= Building implosion =

Method of demolition involving explosives

AfE-Turm building demolition slow motion video

Implosion of the Athlone Power Station cooling towers

Blasting of a highway bridge in Aachen, Germany

Explosives demolition, also referred to as implosion, is a demolition method that involves the strategic placing of explosives and timing of its detonation so that a structure collapses on itself in a matter of seconds. It is used to safely destroy tall buildings, bridges, smokestacks, towers and tunnels. This is typically done to save time and money of what would otherwise be an extensive demolition process with conventional construction equipment, as well as to protect construction workers from infrastructure that is in severe disrepair.

The actual use of the term "implosion" to refer to the destruction of a building is a misnomer, as an actual implosion involves a structure being subjected to extreme external pressure, pushing it inwards in itself.

==Terminology==

Implosion of Radio Network House, damaged by the 2011 Christchurch earthquake, in the Christchurch Central City

The term "implosion" was coined by my grandmother back in, I guess, the '60s. It's a more descriptive way to explain what we do than "explosion". There are a series of small explosions, but the building itself isn't erupting outward. It's actually being pulled in on top of itself. What we're really doing is removing specific support columns within the structure and then cajoling the building in one direction or another, or straight down.
— Stacey Loizeaux, NOVA, December 1996

The term building implosion can be misleading to a layperson: The technique is not a true implosion phenomenon. A true implosion usually involves a difference between internal (lower) and external (higher) pressure, or inward and outward forces, that is so large that the structure collapses inward into itself.

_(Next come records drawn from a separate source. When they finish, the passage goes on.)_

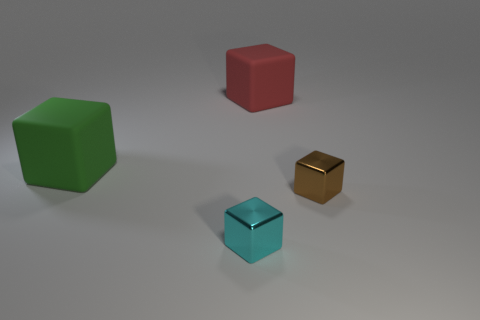Can you describe the texture and material of the objects? All the objects have a smooth and shiny texture, which suggests they might be made of a material like plastic or polished metal. 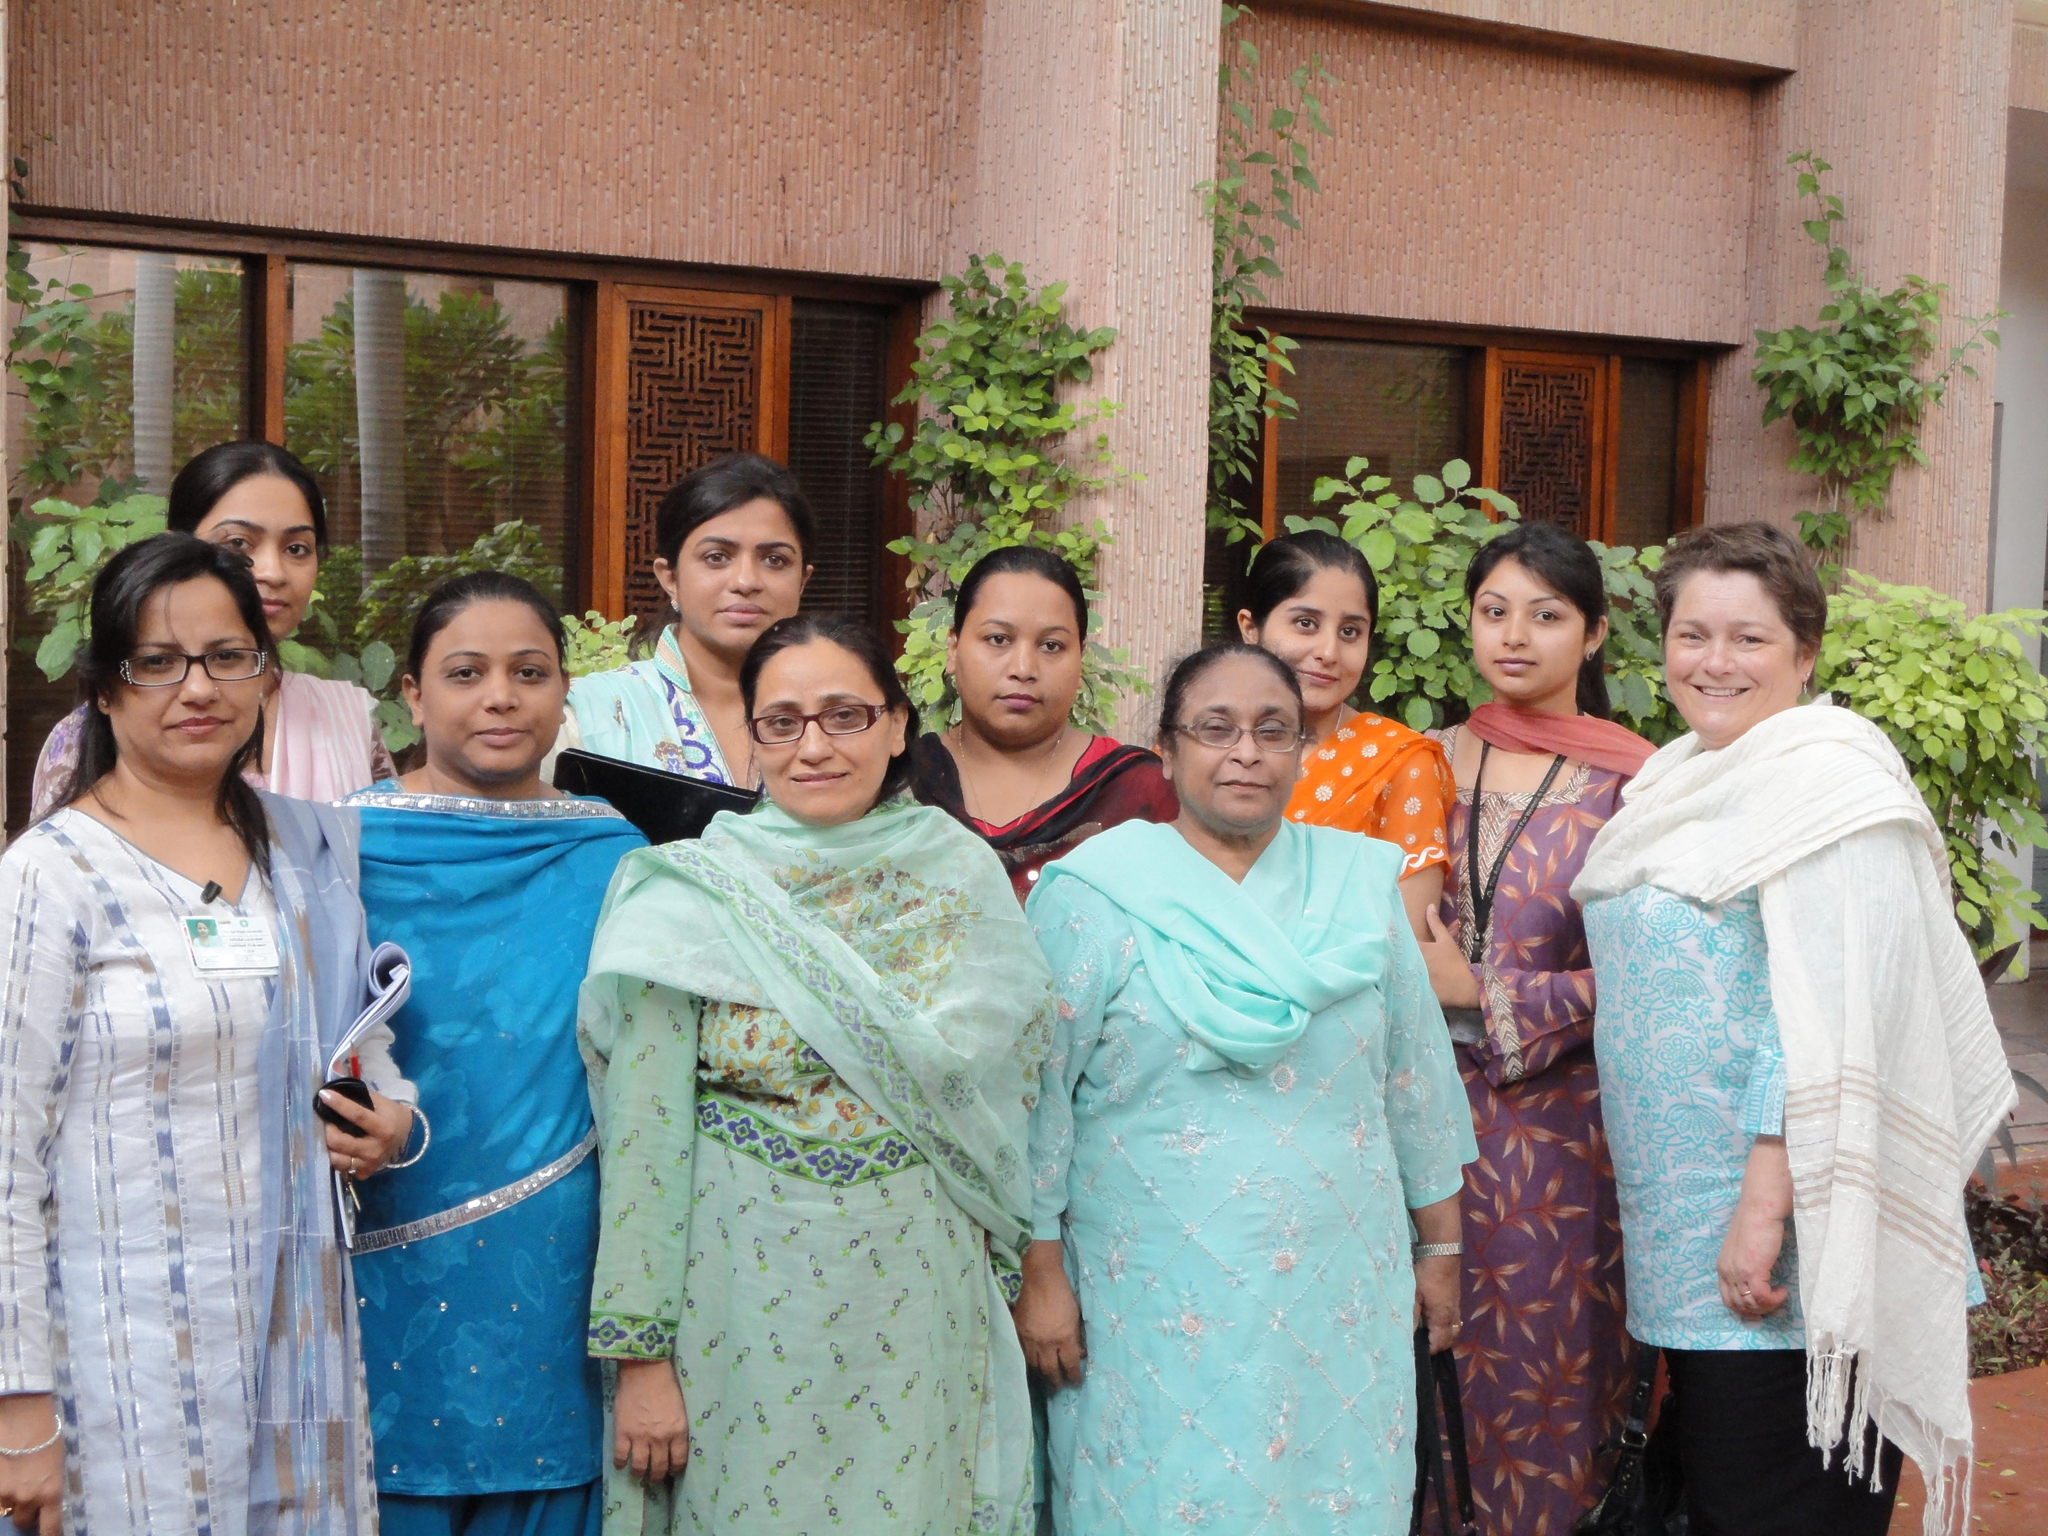What is the main subject of the image? The main subject of the image is a group of ladies. What are the ladies doing in the image? The ladies are standing and smiling. What can be seen in the background of the image? There are plants and a building visible in the background of the image. What type of haircut is the lady on the right getting in the image? There is no haircut or any tools like scissors present in the image. What color bead is the lady in the middle wearing in the image? There is no bead visible on any of the ladies in the image. 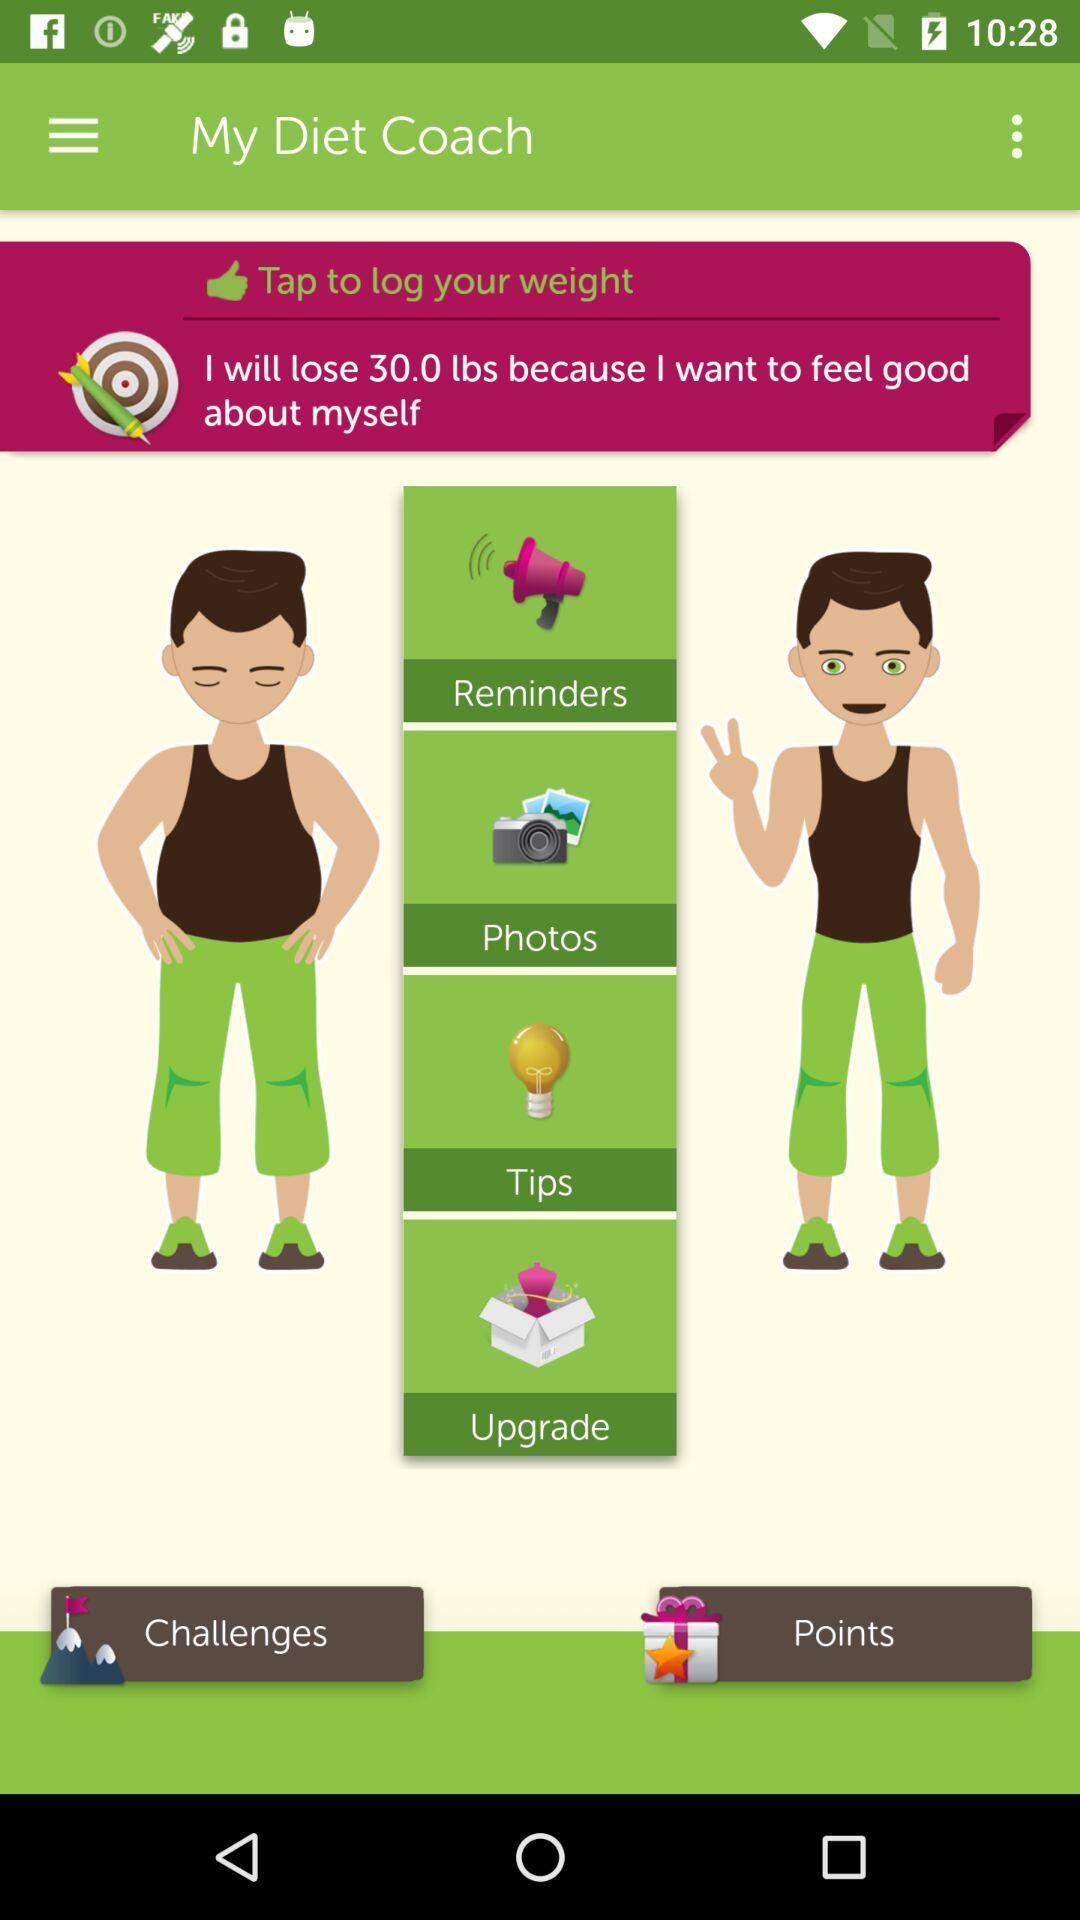How many pounds must we shed in order to feel good? You must shed 30.0 lbs in order to feel good. 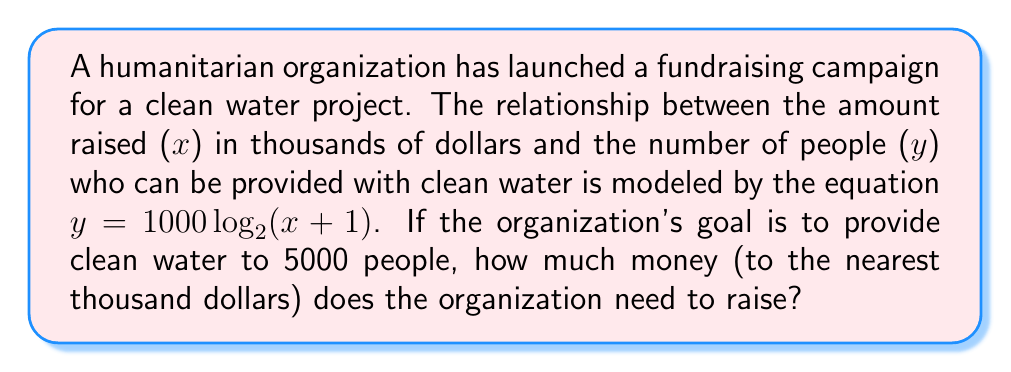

In contrast, building implosion techniques do not rely on the difference between internal and external pressure to collapse a structure. Instead, the goal is to induce a progressive collapse by weakening or removing critical supports; therefore, the building can no longer withstand gravity loads and will fail under its own weight.

Numerous small explosives, strategically placed within the structure, are used to catalyze the collapse. Nitroglycerin, dynamite, or other explosives are used to shatter reinforced concrete supports. Linear shaped charges are used to sever steel supports. These explosives are progressively detonated on supports throughout the structure. Then, explosives on the lower floors initiate the controlled collapse.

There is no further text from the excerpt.